Перепуганная, она кинулась мне в ноги и каталась как собака, умоляя о чем-то. Я не разбирала ее слов, сердце мое полнилось гневом.
– Я-то прощу тебя, и отец незлоблив. Но Луноликая все видит и тебя покарает, – так я ей отвечала. – Если хочешь защиты для сына, прямо сейчас подвяжи свою юбку и иди к чертогу дев-воинов. У них катайся в ногах, проси, умоляй, чтобы вновь тебя научили, как держать клевец и без промаха с коня попадать в цель. Вижу я, настойчивости в тебе хватит, они не откажут.
Она оцепенела, вперив в меня глаза. Не думала, верно, что воином вновь возможно ей стать. Я же больше не хотела смотреть на это подобие женщины, вышла из дома, оседлала Учкту и отправилась навстречу Камке.
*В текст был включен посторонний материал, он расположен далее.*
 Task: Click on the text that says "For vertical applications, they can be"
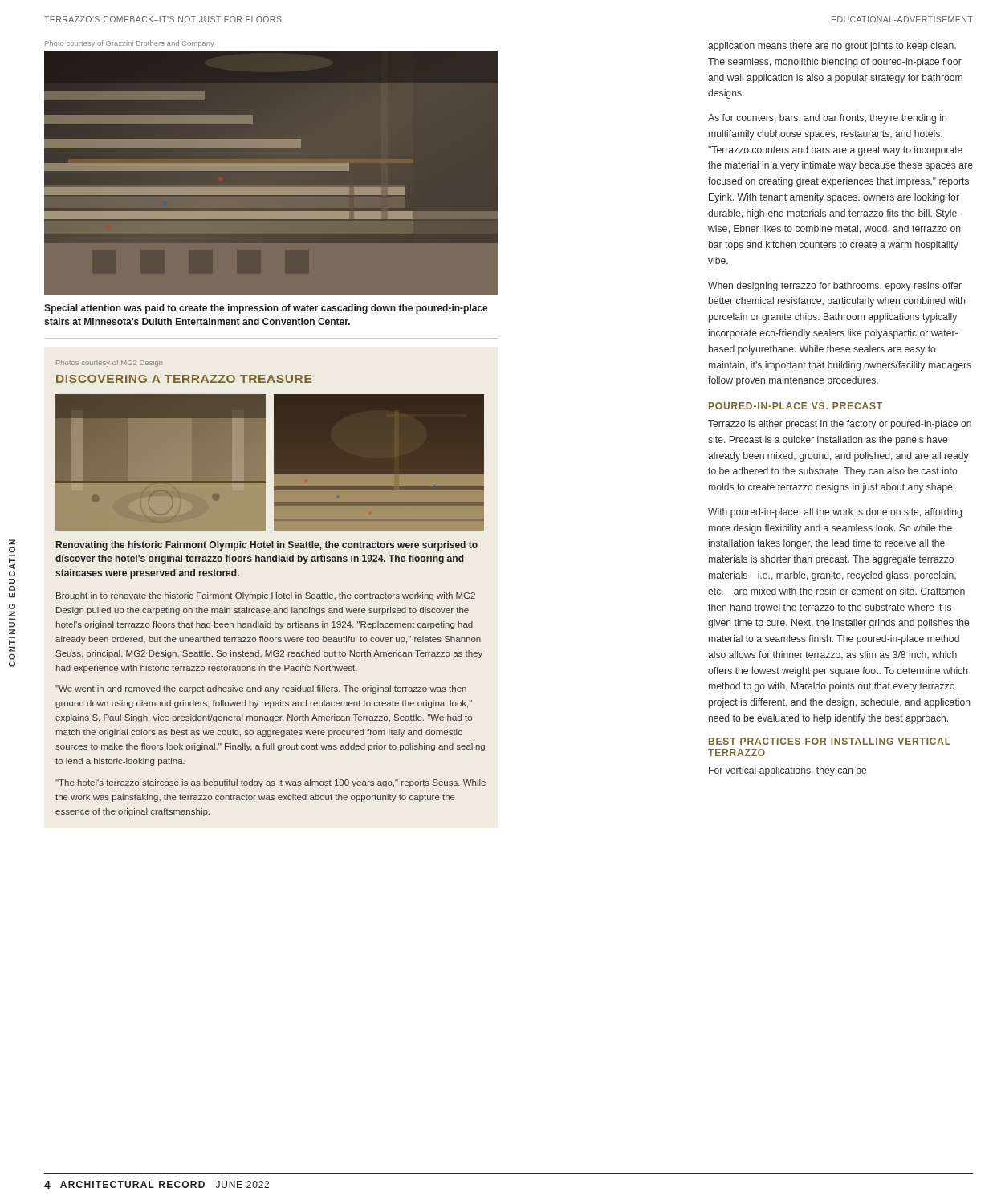(x=787, y=770)

Трех стрел пути до нашего стана не дошли они. На черном низкорослом коньке, чуть не загребая пятками снег, ехала дряхлая старуха, окруженная сонмом духов и гуртом мальчишек. Пешком, на лыжах бежали они за нею, позади же шел еще один конек, на его спине два больших грубых войлока были и сидел самый маленький мальчик, какого ни за что не подумала бы я, что призовут духи. Весело мне было смотреть на эту ораву, с гомоном и криками идущую навстречу. Как вдруг услышала громкий голос Камки:
– Вот, юные воины, ваш первый противник. Кто стащит его с коня и живым принесет мне, получит потрохов кабана на ужин.
Сердце екнуло у меня, как все эти воины в детских цветастых шубах и с деревянными клевцами с криками ринулись ко мне. Улыбка сползла с губ, как их чумазые лица увидала рядом. Учкту остановилась, оглушенная, фыркала, порывалась повернуть, но я ее удержала: неприлично улепетывать, но как с такими воинами биться? Словно свора собак, окружили меня, хватали холодными лапками, кричали, пихая друг друга, тянули во все стороны с коня, а мне и смешно уже было, и странно: все-таки дети – не люди. Кто-то ударил меня деревянным клевцом по ноге, другие стали клонить к земле мою Учкту, а я понукала ее, чтобы вырваться, да было поздно. Отбивалась рукоятью плети и держалась насмерть, крепко обняв бока лошади ногами. И зря: кто-то додумался перерезать ремни на седле, потянули сильнее, и – как ни держись – я ухнула в снег, а седло повисло на Учкту. Почуяв свободу, та, радостно храпнув, отскочила в сторону. Мальчишки победно закричали и навалились на меня, жарко дыша, а я наносила тумаки направо и налево, не разбирая.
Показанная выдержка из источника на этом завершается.